Kiew.Zu Tausenden haben Angehörige der krimtatarischen Minderheit nach der russischen Annexion vor fünf Jahren die Schwarzmeer-Halbinsel verlassen. Doch abfinden mit der Lage im Exil wollen sich viele Krimtataren nicht. „Wir hoffen auf die Weltgemeinschaft“, sagt Mustafa Dschemiljow im Interview mit der Deutschen Presse-Agentur. Der 75 Jahre alte ukrainische Parlamentsabgeordnete wird von Russland als Extremist gesucht.

Herr Dschemiljow, wie ist die Lage der Krimtataren derzeit auf der Halbinsel vom Exil aus betrachtet?

Mustafa Dschemiljow: Die Situation ist vergleichbar mit der Sowjetunion damals, mit dem Kommunismus. Alle Menschen stehen unter Kontrolle. In der Regel sprechen die Leute nicht über politische Themen, sie fürchten sich. Alle werden abgehört. Doch für diejenigen, die hinfahren, wird wie zu Sowjetzeiten ein schönes Programm organisiert.

Was heißt das konkret?

Dschemiljow: Wenn man auf der Straße Passanten danach fragt, wie es jetzt im Vergleich zu früher ist, werden die Leute erzählen, wie gut es jetzt geworden ist. Wer etwas anderes sagt, hat noch am gleichen Tag ein Gespräch mit dem Inlandsgeheimdienst FSB.

Der russische Präsident Wladimir Putin rief sie damals an. . .

Dschemiljow: Das war am 12. März 2014, vier Tage vor dem Referendum. Als ich ihm sagte, dass niemand die Annexion anerkennen wird, sagte er: „Warten Sie ab, was das Volk sagen wird.“ Einige Wochen später wurde mir die Einreise auf die Krim und das Territorium Russlands verboten, denn sofort nach dem Gespräch mit Putin flog ich nach Brüssel ins Nato-Hauptquartier und danach zur Sitzung des UN-Sicherheitsrats.

Was erwarten Sie vom ukrainischen Präsidenten Wolodymyr Selenskyj? Er hat immer wieder die Rückgabe der Krim gefordert.

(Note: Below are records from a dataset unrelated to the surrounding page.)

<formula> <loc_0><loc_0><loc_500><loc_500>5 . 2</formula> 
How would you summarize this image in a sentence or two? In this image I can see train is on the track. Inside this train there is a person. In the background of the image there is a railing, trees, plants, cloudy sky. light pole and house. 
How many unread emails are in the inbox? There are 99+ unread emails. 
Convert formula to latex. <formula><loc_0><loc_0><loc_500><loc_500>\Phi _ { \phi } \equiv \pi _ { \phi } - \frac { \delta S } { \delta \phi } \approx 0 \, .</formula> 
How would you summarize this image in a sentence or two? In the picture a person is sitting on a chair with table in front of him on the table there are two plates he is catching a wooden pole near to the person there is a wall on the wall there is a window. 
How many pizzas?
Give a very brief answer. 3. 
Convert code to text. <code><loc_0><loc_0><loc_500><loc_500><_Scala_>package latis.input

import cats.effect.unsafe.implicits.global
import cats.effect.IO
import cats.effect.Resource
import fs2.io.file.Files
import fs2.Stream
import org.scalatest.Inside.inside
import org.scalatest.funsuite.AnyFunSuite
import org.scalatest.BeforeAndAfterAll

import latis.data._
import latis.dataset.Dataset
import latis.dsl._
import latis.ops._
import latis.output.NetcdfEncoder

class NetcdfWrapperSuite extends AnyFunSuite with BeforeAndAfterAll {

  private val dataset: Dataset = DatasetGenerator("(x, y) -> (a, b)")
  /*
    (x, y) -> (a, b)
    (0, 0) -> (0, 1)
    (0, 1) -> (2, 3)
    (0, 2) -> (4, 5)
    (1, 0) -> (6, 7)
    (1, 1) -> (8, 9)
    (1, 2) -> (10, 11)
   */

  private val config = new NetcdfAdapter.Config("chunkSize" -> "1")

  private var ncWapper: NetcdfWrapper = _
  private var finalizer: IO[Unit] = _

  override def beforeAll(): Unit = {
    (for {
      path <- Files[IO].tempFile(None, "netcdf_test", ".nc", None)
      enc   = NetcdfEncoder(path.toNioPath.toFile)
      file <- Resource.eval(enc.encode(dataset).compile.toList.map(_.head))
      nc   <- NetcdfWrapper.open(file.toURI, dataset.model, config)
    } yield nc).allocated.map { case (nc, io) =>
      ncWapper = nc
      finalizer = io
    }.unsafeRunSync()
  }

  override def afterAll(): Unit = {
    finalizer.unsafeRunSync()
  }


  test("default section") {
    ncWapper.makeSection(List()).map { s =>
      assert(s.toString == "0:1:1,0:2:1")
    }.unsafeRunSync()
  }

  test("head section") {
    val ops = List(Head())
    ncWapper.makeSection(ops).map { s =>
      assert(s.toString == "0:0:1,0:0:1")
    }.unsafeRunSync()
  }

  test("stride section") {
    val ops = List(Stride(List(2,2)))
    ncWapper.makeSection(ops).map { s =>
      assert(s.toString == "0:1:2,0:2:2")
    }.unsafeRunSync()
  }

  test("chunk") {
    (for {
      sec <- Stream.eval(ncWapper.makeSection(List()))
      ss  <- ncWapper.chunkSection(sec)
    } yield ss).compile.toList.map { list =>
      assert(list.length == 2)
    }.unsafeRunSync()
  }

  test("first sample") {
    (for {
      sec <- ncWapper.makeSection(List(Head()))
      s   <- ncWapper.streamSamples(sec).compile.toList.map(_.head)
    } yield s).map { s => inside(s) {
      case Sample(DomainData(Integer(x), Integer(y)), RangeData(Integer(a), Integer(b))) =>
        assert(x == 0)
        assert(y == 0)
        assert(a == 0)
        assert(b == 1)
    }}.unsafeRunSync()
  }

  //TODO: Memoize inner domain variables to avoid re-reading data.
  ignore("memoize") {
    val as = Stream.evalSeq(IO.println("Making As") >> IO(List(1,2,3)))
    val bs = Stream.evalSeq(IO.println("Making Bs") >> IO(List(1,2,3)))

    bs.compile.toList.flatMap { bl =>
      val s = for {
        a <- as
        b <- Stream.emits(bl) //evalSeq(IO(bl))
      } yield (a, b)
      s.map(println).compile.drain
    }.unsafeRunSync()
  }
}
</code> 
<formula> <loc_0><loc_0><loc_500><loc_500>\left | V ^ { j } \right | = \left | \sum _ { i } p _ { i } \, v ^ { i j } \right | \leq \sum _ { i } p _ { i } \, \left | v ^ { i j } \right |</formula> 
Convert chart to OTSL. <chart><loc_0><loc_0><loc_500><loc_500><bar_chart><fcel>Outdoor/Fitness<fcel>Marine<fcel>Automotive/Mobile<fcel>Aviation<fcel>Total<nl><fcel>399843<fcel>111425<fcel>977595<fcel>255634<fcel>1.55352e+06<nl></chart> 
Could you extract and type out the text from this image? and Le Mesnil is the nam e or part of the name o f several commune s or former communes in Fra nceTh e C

Dschemiljow: Wir erwarten von ihm, dass der harte Kurs in Richtung eines EU- und Nato-Beitritts der Ukraine unverändert bleibt. In diesen Fragen drückt er sich hinreichend klar aus. Doch Worte sind das eine – und Taten etwas anderes. Wir fürchten, dass die Krim zu einem eingefrorenen Konflikt wird. Das wäre am schlimmsten.

Was kann getan werden, um das zu verhindern?

Dschemiljow: Wir hoffen auf die Weltgemeinschaft. Der Westen kann zum Beispiel für mehrere Monate den Kauf von russischem Gas und Öl stoppen oder das Land vom SWIFT-Bankensystem abtrennen. Dann ist der russische Staat am Ende.